The divide cannot be glossed over with sweet talk of "good disagreement" or talk of "inclusion" and verbal pyrotechnics by liberal primates and professional reconcilers. The birth of GAFCON has put an end to all that.
Western Anglicanism is dying even as Global South Anglicanism rises. Christianity itself is rapidly fading in the West according to regular reports from Pew, Barna and various global and church analysts. The great churches of the West, including Catholicism and mainline Protestant denominations, have failed to resist the siren call of pansexuality, growing secularism and moral relativism. Signs of its decay can be seen in emptying churches, with flailing pastors and priests focusing on myriad social issues, while people cry out for spiritual bread and go away empty-handed, turning in multitudinous directions for spirituality or God in all the wrong places. "The hungry sheep look up and are not fed," wrote John Milton.
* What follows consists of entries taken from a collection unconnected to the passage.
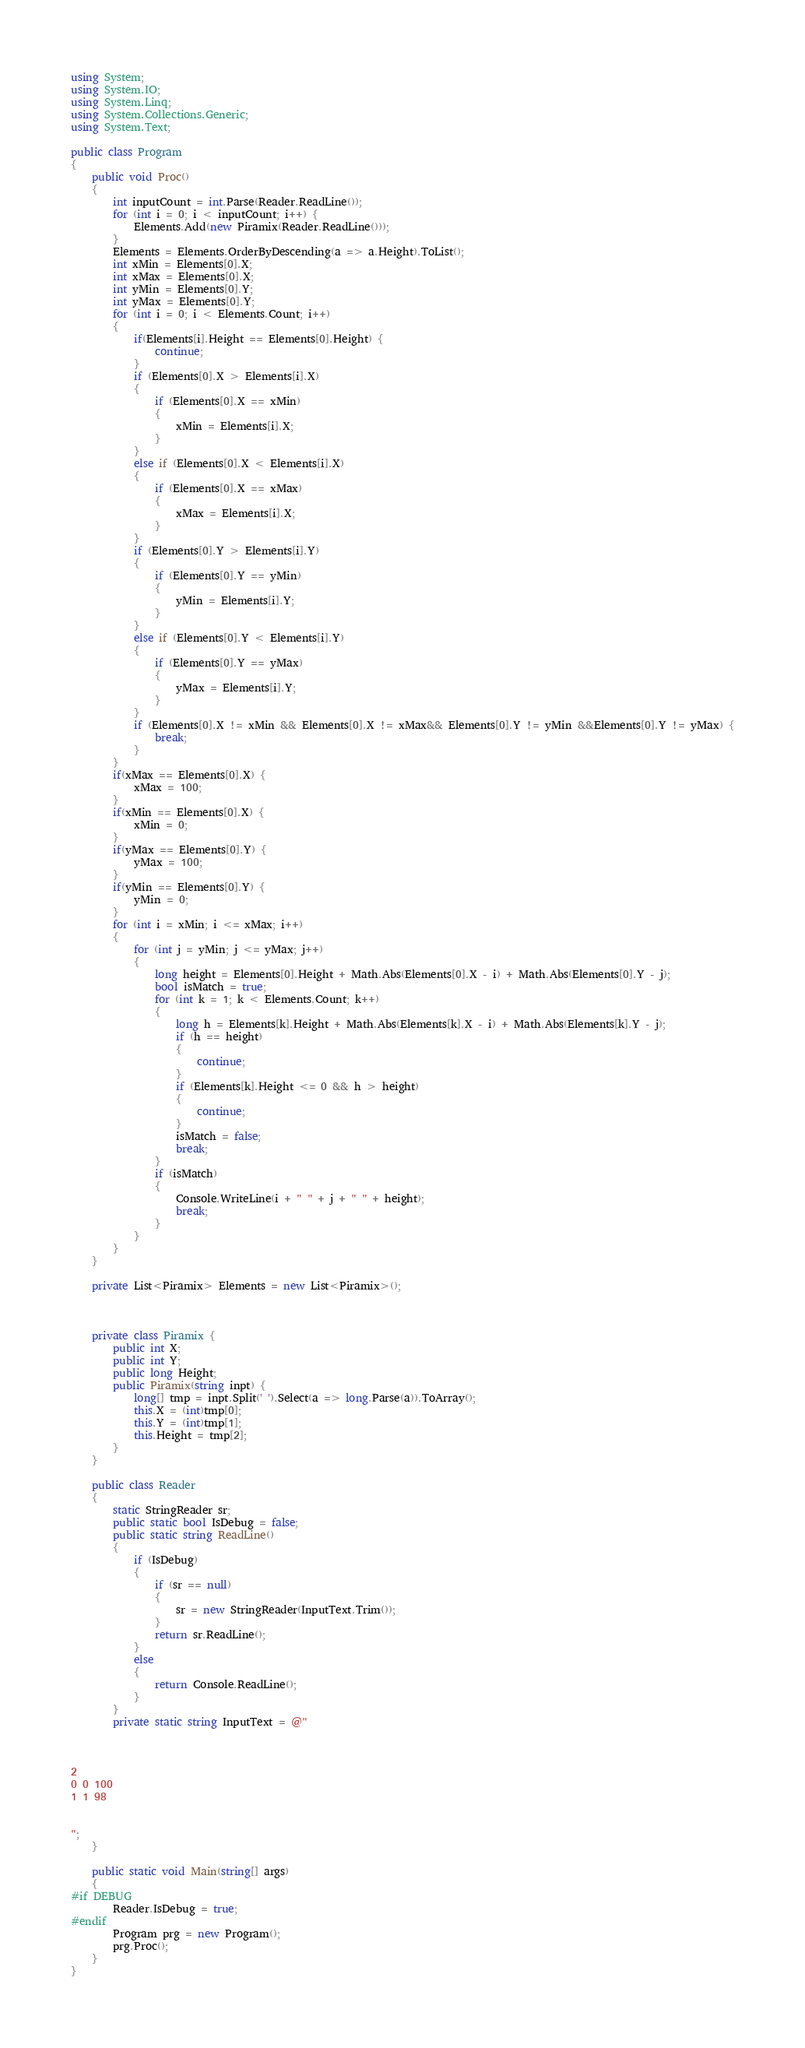Convert code to text. <code><loc_0><loc_0><loc_500><loc_500><_C#_>using System;
using System.IO;
using System.Linq;
using System.Collections.Generic;
using System.Text;

public class Program
{
    public void Proc()
    {
        int inputCount = int.Parse(Reader.ReadLine());
        for (int i = 0; i < inputCount; i++) {
            Elements.Add(new Piramix(Reader.ReadLine()));
        }
        Elements = Elements.OrderByDescending(a => a.Height).ToList();
        int xMin = Elements[0].X;
        int xMax = Elements[0].X;
        int yMin = Elements[0].Y;
        int yMax = Elements[0].Y;
        for (int i = 0; i < Elements.Count; i++)
        {
            if(Elements[i].Height == Elements[0].Height) {
                continue;
            }
            if (Elements[0].X > Elements[i].X)
            {
                if (Elements[0].X == xMin)
                {
                    xMin = Elements[i].X;
                }
            }
            else if (Elements[0].X < Elements[i].X)
            {
                if (Elements[0].X == xMax)
                {
                    xMax = Elements[i].X;
                }
            }
            if (Elements[0].Y > Elements[i].Y)
            {
                if (Elements[0].Y == yMin)
                {
                    yMin = Elements[i].Y;
                }
            }
            else if (Elements[0].Y < Elements[i].Y)
            {
                if (Elements[0].Y == yMax)
                {
                    yMax = Elements[i].Y;
                }
            }
            if (Elements[0].X != xMin && Elements[0].X != xMax&& Elements[0].Y != yMin &&Elements[0].Y != yMax) {
                break;
            }
        }
        if(xMax == Elements[0].X) {
            xMax = 100;
        }
        if(xMin == Elements[0].X) {
            xMin = 0;
        }
        if(yMax == Elements[0].Y) {
            yMax = 100;
        }
        if(yMin == Elements[0].Y) {
            yMin = 0;
        }
        for (int i = xMin; i <= xMax; i++)
        {
            for (int j = yMin; j <= yMax; j++)
            {
                long height = Elements[0].Height + Math.Abs(Elements[0].X - i) + Math.Abs(Elements[0].Y - j);
                bool isMatch = true;
                for (int k = 1; k < Elements.Count; k++)
                {
                    long h = Elements[k].Height + Math.Abs(Elements[k].X - i) + Math.Abs(Elements[k].Y - j);
                    if (h == height)
                    {
                        continue;
                    }
                    if (Elements[k].Height <= 0 && h > height)
                    {
                        continue;
                    }
                    isMatch = false;
                    break;
                }
                if (isMatch)
                {
                    Console.WriteLine(i + " " + j + " " + height);
                    break;
                }
            }
        }
    }

    private List<Piramix> Elements = new List<Piramix>();



    private class Piramix {
        public int X;
        public int Y;
        public long Height;
        public Piramix(string inpt) {
            long[] tmp = inpt.Split(' ').Select(a => long.Parse(a)).ToArray();
            this.X = (int)tmp[0];
            this.Y = (int)tmp[1];
            this.Height = tmp[2];
        }
    }

    public class Reader
    {
        static StringReader sr;
        public static bool IsDebug = false;
        public static string ReadLine()
        {
            if (IsDebug)
            {
                if (sr == null)
                {
                    sr = new StringReader(InputText.Trim());
                }
                return sr.ReadLine();
            }
            else
            {
                return Console.ReadLine();
            }
        }
        private static string InputText = @"



2
0 0 100
1 1 98


";
    }

    public static void Main(string[] args)
    {
#if DEBUG
        Reader.IsDebug = true;
#endif
        Program prg = new Program();
        prg.Proc();
    }
}
</code>

The Benedict Option of small faithful orthodox communities bent on keeping the faith alive in some catacombs like fashion might be the only hope at this late stage in the decay of Western Christianity. Biblically faithful, doctrinally sound, sexually uncompromising, liturgically driven enclaves of believers signal the only hope of the West as we eagerly await revival fires coming from Africa or Latin America, perhaps even China itself.
What of the future, what will our Anglican space traveler find when he returns...I honestly don't know, writes theologian Stephen Noll. "But I think if enough conscientious Anglicans stand up for the truth now -- above all, for the truth of the Gospel, but also for the historic order of bishops in our tradition -- he may be pleasantly surprised to find the Communion reformed and renewed." Let us hope so.